In Mosul, adjacent to the Biblical city of Nineveh, four churches representing different denominations occupy a small square surrounded by low-rise houses, testament to the role Iraq’s once flourishing Christian community played, Reuters informed.
Today, all four churches are either damaged or destroyed after Islamic State militants occupied the city from 2014-2017, desecrated many of the buildings and used them to run its administration, including as a jail and a court.
Air strikes as Iraqi forces tried to dislodge the extremist group in fierce fighting did the rest. Those walls still standing are scarred with bullet and shrapnel holes.

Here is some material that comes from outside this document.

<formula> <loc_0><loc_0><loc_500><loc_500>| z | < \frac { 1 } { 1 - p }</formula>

“It used to be a bit like the Jerusalem of the Nineveh plains,” said Mosul and Akra’s Chaldean Archbishop Najeeb Michaeel of “Church Square”, the name given to the site that Pope Francis will visit on March 7 during his historic trip to Iraq.
Michaeel fondly recalled how, before the U.S. invasion in 2003, Iraqi Christians from different denominations would attend each other’s services on religious festivals.
Those days are gone. Today just one of Mosul’s surviving churches offers a weekly Sunday service to a Christian population that has dwindled to just a few dozen families from about 50,000 people.
Tolerated by former President Saddam Hussein but persecuted by al Qaeda and then Islamic State, Iraq’s Christians number around 300,000, one fifth of the total before 2003.
Some are trickling back after Islamic State’s defeat, but others still see little prospect in staying in Iraq and are looking to settle overseas.